In case you’re one of the 30 people who haven’t seen Apocalypse Now in any of its iterations I will give you a short summation. Martin Sheen plays Captain Ben Willard, an army officer suffering from severe PTSD, who after one tour in Vietnam, feels a desperate need to return because he can’t function at home anymore. He is tasked with the mission of finding a rogue Army Ranger, Colonel Walter E. Kurtz (Marlon Brando in one of the most epic performances ever committed to celluloid). He was a model officer who went mad and formed his own enclave on the border of Vietnam and Cambodia where he is worshipped like a god and kills indiscriminately, even American soldiers.

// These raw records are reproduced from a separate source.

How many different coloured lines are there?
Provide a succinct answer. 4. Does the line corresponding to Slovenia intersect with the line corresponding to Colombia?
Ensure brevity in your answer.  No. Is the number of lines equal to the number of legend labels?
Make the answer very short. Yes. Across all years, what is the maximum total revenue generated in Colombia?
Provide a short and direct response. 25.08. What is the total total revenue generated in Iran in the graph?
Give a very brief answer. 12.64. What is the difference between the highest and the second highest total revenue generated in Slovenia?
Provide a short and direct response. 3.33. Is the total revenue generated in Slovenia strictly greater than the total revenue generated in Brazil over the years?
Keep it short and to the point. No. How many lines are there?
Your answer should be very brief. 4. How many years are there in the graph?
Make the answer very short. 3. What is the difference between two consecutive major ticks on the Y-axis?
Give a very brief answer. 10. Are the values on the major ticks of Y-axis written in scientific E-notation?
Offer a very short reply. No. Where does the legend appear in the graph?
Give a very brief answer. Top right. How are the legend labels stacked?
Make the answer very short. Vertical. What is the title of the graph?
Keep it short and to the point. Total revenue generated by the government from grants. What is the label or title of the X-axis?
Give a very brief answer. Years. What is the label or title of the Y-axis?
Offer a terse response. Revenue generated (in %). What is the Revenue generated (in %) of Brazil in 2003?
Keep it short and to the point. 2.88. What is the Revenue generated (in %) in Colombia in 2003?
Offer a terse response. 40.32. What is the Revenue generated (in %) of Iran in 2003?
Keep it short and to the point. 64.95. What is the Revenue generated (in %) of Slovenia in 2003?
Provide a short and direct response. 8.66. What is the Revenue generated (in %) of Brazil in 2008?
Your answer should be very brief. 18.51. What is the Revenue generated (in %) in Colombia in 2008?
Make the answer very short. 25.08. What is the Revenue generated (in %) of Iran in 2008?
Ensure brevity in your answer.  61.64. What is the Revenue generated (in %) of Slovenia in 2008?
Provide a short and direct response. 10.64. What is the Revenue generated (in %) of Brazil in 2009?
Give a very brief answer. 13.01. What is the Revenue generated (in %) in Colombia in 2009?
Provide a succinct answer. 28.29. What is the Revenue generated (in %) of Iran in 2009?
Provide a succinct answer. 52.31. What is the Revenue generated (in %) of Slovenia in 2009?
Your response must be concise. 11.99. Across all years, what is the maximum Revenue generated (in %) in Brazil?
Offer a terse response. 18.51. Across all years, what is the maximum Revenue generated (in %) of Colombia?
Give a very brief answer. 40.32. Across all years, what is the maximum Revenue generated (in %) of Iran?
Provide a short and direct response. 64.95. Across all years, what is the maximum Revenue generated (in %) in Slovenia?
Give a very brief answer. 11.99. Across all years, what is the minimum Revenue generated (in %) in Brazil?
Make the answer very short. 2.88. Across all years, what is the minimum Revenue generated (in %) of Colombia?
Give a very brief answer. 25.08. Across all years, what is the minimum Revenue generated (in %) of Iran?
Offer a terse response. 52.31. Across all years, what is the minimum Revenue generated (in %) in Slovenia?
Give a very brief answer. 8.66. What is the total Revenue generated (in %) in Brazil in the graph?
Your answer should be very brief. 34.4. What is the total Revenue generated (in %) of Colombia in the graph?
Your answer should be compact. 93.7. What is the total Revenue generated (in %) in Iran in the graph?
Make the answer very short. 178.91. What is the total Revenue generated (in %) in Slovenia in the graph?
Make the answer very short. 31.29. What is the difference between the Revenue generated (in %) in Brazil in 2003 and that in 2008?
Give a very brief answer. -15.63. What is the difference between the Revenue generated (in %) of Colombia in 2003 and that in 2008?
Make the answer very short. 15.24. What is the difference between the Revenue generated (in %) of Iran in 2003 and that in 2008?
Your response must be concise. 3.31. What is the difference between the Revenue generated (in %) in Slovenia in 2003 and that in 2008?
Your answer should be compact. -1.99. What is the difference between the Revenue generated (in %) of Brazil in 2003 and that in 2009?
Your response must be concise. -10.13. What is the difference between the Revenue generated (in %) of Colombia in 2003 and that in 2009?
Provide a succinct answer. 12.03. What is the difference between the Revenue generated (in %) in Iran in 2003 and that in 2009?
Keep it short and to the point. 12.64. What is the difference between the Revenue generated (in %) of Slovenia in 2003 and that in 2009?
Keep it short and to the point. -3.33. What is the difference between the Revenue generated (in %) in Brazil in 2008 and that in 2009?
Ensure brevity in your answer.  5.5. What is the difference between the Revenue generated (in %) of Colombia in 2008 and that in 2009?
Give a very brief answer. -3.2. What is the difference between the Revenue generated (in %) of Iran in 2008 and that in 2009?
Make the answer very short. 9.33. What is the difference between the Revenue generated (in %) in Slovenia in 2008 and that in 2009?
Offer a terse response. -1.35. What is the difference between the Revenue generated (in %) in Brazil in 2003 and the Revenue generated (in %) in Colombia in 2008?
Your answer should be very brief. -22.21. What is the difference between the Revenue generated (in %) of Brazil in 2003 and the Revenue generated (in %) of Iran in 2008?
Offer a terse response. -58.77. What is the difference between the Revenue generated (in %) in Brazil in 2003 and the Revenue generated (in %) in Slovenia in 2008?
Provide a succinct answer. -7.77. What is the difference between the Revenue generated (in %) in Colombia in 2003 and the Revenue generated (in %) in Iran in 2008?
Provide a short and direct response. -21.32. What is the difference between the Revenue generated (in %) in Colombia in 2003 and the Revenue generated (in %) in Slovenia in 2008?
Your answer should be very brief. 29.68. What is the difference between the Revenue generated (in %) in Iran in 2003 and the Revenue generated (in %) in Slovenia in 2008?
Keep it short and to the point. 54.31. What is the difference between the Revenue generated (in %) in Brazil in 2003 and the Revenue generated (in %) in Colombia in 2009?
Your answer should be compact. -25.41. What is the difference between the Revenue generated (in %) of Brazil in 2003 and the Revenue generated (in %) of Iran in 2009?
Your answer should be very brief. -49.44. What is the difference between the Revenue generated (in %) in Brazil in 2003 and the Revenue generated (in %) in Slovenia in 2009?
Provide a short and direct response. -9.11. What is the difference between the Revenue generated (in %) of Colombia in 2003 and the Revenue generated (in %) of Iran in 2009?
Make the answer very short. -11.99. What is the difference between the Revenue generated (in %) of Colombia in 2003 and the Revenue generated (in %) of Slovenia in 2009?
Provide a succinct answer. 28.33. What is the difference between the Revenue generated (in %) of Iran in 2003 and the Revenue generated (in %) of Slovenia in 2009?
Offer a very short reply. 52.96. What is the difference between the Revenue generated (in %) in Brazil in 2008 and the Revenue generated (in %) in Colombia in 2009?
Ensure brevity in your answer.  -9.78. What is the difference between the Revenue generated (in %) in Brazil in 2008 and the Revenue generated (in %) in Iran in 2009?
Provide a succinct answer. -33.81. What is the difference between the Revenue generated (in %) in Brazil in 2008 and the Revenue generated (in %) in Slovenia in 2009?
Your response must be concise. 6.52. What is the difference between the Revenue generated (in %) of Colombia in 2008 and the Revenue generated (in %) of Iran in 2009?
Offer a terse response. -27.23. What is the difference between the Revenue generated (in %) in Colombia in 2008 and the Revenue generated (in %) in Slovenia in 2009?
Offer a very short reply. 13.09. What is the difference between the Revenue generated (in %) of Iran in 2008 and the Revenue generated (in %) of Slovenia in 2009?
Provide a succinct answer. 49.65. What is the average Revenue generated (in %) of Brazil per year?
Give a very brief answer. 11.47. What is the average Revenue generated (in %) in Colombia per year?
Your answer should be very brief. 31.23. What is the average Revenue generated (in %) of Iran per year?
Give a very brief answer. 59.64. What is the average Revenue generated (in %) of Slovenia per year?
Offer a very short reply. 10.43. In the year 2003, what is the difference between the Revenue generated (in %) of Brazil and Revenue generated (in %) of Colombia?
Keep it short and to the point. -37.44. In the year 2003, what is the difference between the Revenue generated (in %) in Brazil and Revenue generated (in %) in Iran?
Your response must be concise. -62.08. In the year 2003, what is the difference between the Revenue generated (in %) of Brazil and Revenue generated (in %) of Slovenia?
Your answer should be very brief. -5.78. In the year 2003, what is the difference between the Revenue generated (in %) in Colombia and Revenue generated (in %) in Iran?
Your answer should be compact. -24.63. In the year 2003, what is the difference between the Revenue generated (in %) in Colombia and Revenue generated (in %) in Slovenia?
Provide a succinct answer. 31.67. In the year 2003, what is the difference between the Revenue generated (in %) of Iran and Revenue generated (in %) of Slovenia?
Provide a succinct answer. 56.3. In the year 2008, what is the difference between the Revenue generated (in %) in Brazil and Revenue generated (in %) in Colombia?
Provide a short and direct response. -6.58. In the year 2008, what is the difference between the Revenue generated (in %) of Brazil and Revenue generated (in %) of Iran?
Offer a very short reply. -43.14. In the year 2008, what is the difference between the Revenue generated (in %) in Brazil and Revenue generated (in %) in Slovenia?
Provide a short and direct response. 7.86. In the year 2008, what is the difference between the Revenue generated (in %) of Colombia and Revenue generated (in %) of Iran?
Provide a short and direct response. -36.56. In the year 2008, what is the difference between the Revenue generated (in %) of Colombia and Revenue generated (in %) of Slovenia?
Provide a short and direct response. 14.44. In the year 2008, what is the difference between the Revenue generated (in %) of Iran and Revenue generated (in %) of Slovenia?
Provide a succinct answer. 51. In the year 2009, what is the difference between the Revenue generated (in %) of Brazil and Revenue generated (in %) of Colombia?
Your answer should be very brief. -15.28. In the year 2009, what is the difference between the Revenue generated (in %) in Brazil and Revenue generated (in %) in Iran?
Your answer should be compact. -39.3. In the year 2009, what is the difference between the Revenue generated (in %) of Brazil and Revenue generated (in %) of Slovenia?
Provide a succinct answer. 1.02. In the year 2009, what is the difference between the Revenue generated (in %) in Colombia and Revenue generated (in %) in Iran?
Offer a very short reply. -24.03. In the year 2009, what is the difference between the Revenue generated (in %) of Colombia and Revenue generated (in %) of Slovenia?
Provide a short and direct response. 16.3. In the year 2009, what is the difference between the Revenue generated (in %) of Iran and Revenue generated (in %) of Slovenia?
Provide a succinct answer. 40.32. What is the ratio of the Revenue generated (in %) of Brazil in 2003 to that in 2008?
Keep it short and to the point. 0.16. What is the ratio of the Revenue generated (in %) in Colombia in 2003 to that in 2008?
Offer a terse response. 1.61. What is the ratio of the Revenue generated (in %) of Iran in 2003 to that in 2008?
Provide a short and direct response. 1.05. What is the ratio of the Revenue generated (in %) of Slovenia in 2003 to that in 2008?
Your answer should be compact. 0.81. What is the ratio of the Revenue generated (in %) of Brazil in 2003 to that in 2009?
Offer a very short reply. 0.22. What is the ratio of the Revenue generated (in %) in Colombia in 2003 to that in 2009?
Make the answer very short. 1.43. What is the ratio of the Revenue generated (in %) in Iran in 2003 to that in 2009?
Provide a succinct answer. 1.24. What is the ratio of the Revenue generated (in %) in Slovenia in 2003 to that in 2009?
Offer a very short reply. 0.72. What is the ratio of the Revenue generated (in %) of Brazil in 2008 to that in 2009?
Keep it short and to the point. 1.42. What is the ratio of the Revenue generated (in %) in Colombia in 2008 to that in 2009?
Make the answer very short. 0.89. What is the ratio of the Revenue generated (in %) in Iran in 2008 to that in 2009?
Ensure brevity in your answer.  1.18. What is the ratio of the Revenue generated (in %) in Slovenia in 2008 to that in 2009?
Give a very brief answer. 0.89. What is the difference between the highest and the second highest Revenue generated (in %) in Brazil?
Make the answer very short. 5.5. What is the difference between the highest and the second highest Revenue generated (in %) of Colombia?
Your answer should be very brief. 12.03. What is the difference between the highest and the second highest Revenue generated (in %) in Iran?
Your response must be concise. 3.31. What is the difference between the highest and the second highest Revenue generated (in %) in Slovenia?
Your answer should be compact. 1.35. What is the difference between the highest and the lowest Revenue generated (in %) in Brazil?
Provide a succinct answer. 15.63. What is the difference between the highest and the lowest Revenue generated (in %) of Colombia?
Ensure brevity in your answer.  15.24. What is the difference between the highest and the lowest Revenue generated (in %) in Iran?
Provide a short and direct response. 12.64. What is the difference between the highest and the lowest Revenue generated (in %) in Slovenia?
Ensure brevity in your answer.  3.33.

Willard has to travel to Kurtz by boat and is assigned to a Navy flotilla. Onboard “PBR Streetgang” we meet: Chief Phillips (Albert Hall), the no-nonsense Captain of the ship, Jay Hicks or “Chef”(Frederic Forrest), a Louisiana native who is “strung up too tight for Vietnam, and probably for Louisiana too”, professional surfer and the closest thing to a hippie in the bunch named Lance B. Johnson (Sam Bottoms), and last but not least, 17 year old wild child, Tyrone Miller aka Mr. Clean, played by a young Laurence Fishburne who lied about his age to get the part.
“…the beloved classic absolutely deserves to be seen in theaters, if only for the 4K restoration and the amazing sound…”
The PBR Streetgang crew goes down river and face all sorts of challenges along the way. None the least of which is a tiger, or perhaps more scarily, a group of existential angry French expatriates. Finally, the crew reaches Kurtz’ compound, and there they meet an acid casualty photographer and newfound Kurtz devotee, who’s unnamed but is played to absolute psychotic perfection by Dennis Hopper. Additionally, Harrison Ford plays the smallest bit part right at the beginning as Colonel Lucas, whose name is more than likely a nod to the man who was originally supposed to write the film, George “Star Wars” Lucas.
As much as George Lucas is a total genius, I’m very glad that he didn’t direct Apocalypse Now. John Milius wrote the script with Lucas in mind, and it was to be shot in a verite-style but as Coppola said at the Final Cut premiere “George was very wrapped up in his Star Wars.” and the rest is history. Coppola and the cast and crew had a very hard time making this movie. Almost everyone went nuts; Martin Sheen had a heart attack. The US Army wouldn’t cooperate, so they had to shoot in the Philippines. A lot of the insanity of the shoot can be captured in the incredibly documentary Hearts of Darkness: A Filmmaker’s Apocalypse which was by Coppola’s wife Eleanor with help from George Hickenlooper and Fax Bahr.